The recognition, in the middle of the 20th century, that the randomized, controlled trial (RCT) was the preferred approach to determining the efficacy of medical interventions was revolutionary. Masking, placebos, and randomization were acknowledgments that investigator bias and advocacy had long been interfering with the assessment of efficacy in medicine. The RCT thus served as a welcome antidote to vacuous claims of treatment success. As early as the 1950s, RCT evidence showed that several commonly recommended treatments were not only ineffective, but harmful (1).

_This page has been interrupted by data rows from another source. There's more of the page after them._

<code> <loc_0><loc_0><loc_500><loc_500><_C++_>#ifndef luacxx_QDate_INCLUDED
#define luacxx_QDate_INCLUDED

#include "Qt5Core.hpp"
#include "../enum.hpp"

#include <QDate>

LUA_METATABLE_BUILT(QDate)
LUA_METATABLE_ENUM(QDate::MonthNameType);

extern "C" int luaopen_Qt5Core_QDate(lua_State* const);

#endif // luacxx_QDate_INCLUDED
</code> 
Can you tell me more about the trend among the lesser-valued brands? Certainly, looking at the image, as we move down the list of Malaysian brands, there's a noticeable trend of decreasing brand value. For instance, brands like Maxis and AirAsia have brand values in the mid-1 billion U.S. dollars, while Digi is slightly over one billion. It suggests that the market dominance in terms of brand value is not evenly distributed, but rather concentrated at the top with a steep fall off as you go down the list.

In the ensuing decades, the RCT steadily ascended to the top of the evidence hierarchy in medicine, eventually becoming so dominant that evidence not derived from an RCT came to be viewed in some circles as unusable for clinical or policy decisions. This perspective was further codified by the near-absolute requirement of having one or more RCTs demonstrate the superiority of any new drug or biologic for it to be granted FDA approval. While the 1962 law encoding these requirements did not actually specify the RCT as the only possible source of effectiveness data (2), “ultimately, it was the randomized, double-blinded, placebo-controlled experiment which became the standard by which most other experimental methods were judged” (3). This requirement promoted the development of large, well-funded units devoted to the design and execution of RCTs in nearly every major drug company.

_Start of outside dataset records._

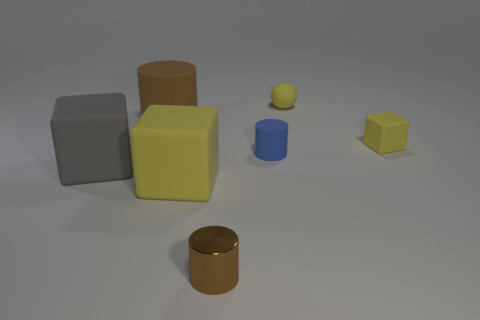How big is the metallic cylinder? The metallic cylinder appears to be small in size, roughly measuring about a quarter of the height of the yellow cube next to it, which gives a sense of scale relative to the other objects in the image. 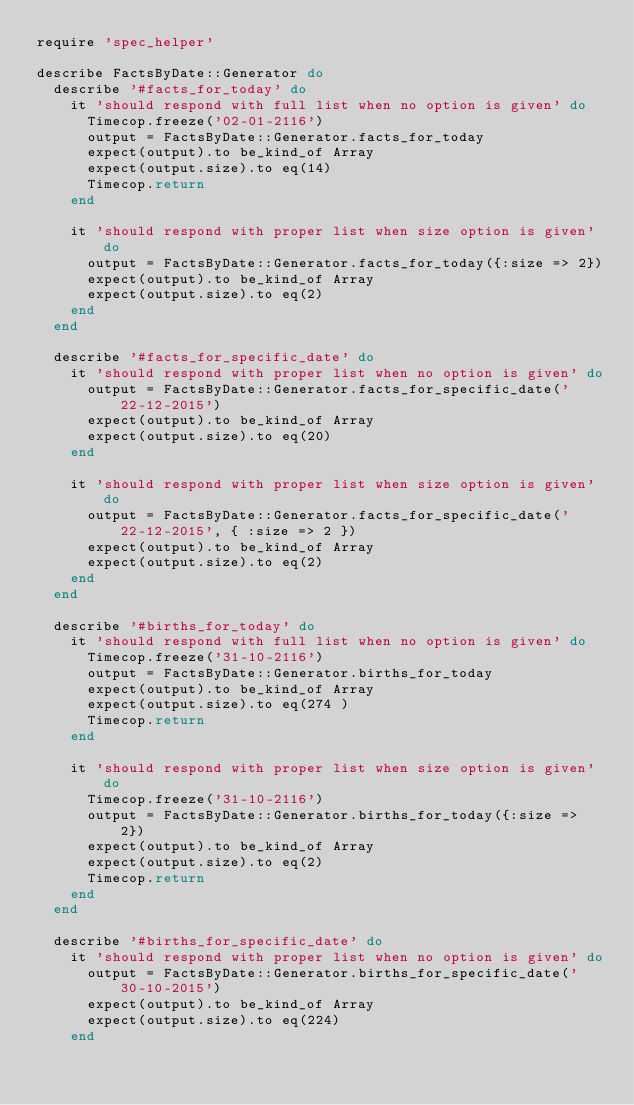<code> <loc_0><loc_0><loc_500><loc_500><_Ruby_>require 'spec_helper'

describe FactsByDate::Generator do
  describe '#facts_for_today' do
    it 'should respond with full list when no option is given' do
      Timecop.freeze('02-01-2116')
      output = FactsByDate::Generator.facts_for_today
      expect(output).to be_kind_of Array
      expect(output.size).to eq(14)
      Timecop.return
    end

    it 'should respond with proper list when size option is given' do
      output = FactsByDate::Generator.facts_for_today({:size => 2})
      expect(output).to be_kind_of Array
      expect(output.size).to eq(2)
    end
  end

  describe '#facts_for_specific_date' do
    it 'should respond with proper list when no option is given' do
      output = FactsByDate::Generator.facts_for_specific_date('22-12-2015')
      expect(output).to be_kind_of Array
      expect(output.size).to eq(20)
    end

    it 'should respond with proper list when size option is given' do
      output = FactsByDate::Generator.facts_for_specific_date('22-12-2015', { :size => 2 })
      expect(output).to be_kind_of Array
      expect(output.size).to eq(2)
    end
  end

  describe '#births_for_today' do
    it 'should respond with full list when no option is given' do
      Timecop.freeze('31-10-2116')
      output = FactsByDate::Generator.births_for_today
      expect(output).to be_kind_of Array
      expect(output.size).to eq(274 )
      Timecop.return
    end

    it 'should respond with proper list when size option is given' do
      Timecop.freeze('31-10-2116')
      output = FactsByDate::Generator.births_for_today({:size => 2})
      expect(output).to be_kind_of Array
      expect(output.size).to eq(2)
      Timecop.return
    end
  end

  describe '#births_for_specific_date' do
    it 'should respond with proper list when no option is given' do
      output = FactsByDate::Generator.births_for_specific_date('30-10-2015')
      expect(output).to be_kind_of Array
      expect(output.size).to eq(224)
    end
</code>

In parallel, a thriving academic industry emerged to address every imaginable component of the RCT process, from randomization schemes to stopping rules to strictures on analysis — fueling, and being fueled by, the evidence-based medicine movement. Educational programs in clinical research focused heavily on the statistical features of RCT design and analysis, further entrenching the RCT as the epistemic instrument of medicine. The RCT movement became so intensely focused on method that some key drivers of biomedical science — curiosity, hypothesis formulation, biological rationale, clinical value — to some extent fell by the wayside.
The RCT has now become an unassailable, formula-based, intensely regulated, often inflexible methodology that is often divorced from its clinical and biological roots. Useful guidelines have turned into absolute fiats that can defeat the purpose for which they were intended. How did a critically important development in medicine become an impediment to progress? Although many concerns could be raised, we focus on six core problems of RCTs as they are now conducted: (a) the divorce from biology and clinical experience; (b) the difficulty in avoiding type 2 errors; (c) the insistence on singular trial outcomes; (d) the regulatory burden; (e) the advantage of the pharmaceutical industry; and (f) the eclipse of other forms of evidence.

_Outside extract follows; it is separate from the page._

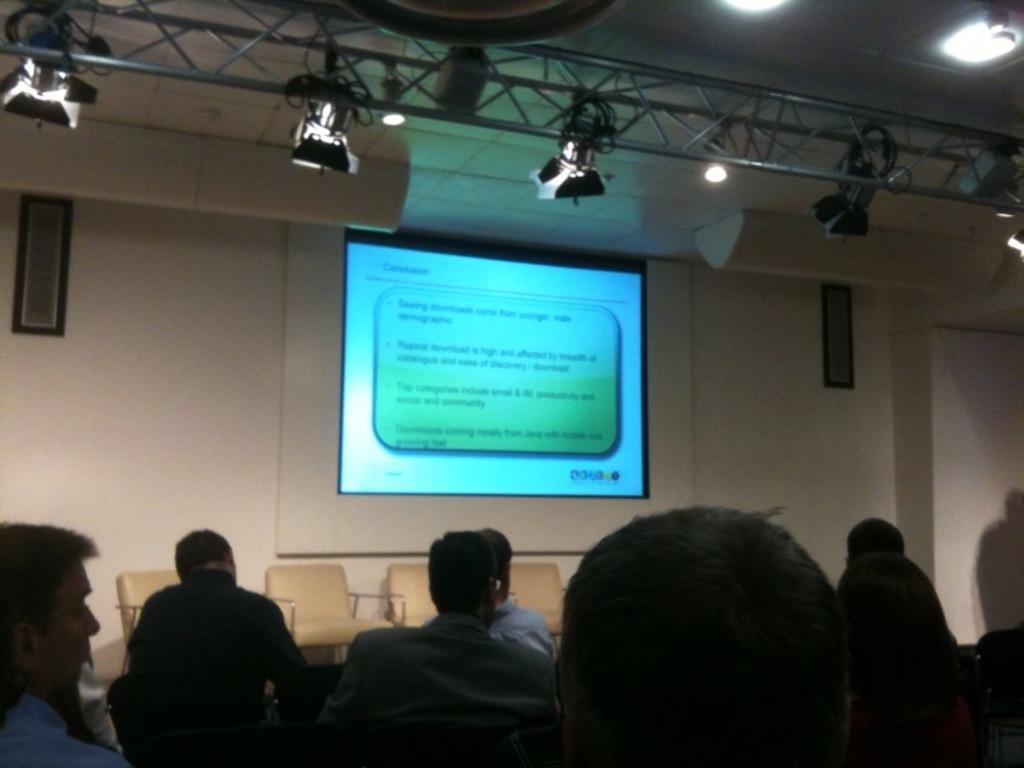What are the people in the image doing? The people in the image are sitting on chairs. What is on the wall in the image? There is a projector screen on the wall. What can be seen on the ceiling of the room? There are lightings on the top of the room. How are the chairs arranged in the image? The chairs are kept on the floor. What scent is being emitted from the yak in the image? There is no yak present in the image, so it cannot be emitting any scent.

Divorcing trial methodology from biology and clinical experience
Trial guidelines are replete with rules guiding every conceivable question as to design and analysis but leave the most fundamental question of any RCT — the biological and clinical hypothesis — up for grabs. As a result, we can have statistically impeccable trials that examine the wrong intervention using the wrong dosage in the wrong population.
Antibody therapies in the form of immune serum and convalescent plasma have been used to treat acute infectious diseases for 130 years, and a voluminous early literature testifies to the fact that this therapeutic modality is effective only when sufficient specific antibody is used and only when treatment is provided early in disease (4). Yet, most RCTs of COVID-19 convalescent plasma (CCP) have studied hospitalized patients days or weeks after disease onset, who were often severely hypoxemic and at times even on ventilators. Such an approach flies in the face of all that is known of the biology and clinical effects of antibody therapies. When RCTs produced no evidence of reduced mortality under the conditions of these experiments, the unfortunate conclusion drawn by many was that CCP does not work at all.
The type 2 error problem
The great strength of the RCT is that it minimizes type 1 errors — declaring an ineffective treatment effective. But as a tool to avoid type 2 errors — declaring an effective treatment ineffective — the RCT is problematic. The error threshold in RCTs is conventionally four times more stringent for the type 1 error than the type 2 error (typically 0.05 compared with 0.2). Chalmers et al. described the impact of the type 2 error in their classic article on anticoagulants in myocardial infarction (5). Although most trials found reductions in mortality of 25% to 30%, a lack of significance led the trialists to declare the findings null, even though such a mortality reduction would clearly be of value. The reanalysis of these data by Chalmers is credited with revitalizing anticoagulant use in myocardial infarction, leading to the conduct of larger trials that showed the efficacy of anticoagulants that are now universally accepted as a component in the treatment of this disorder.
Although a negative trial only indicates that the treatment does not work in the specific circumstances under which it was tested, when a trial is terminated early because of a statistical judgment that further enrollment is unlikely to show a statistically significant finding, the term “futility” is used. Intended to refer only to the continuation of the particular trial in question, the term powerfully suggests that the intervention is entirely useless.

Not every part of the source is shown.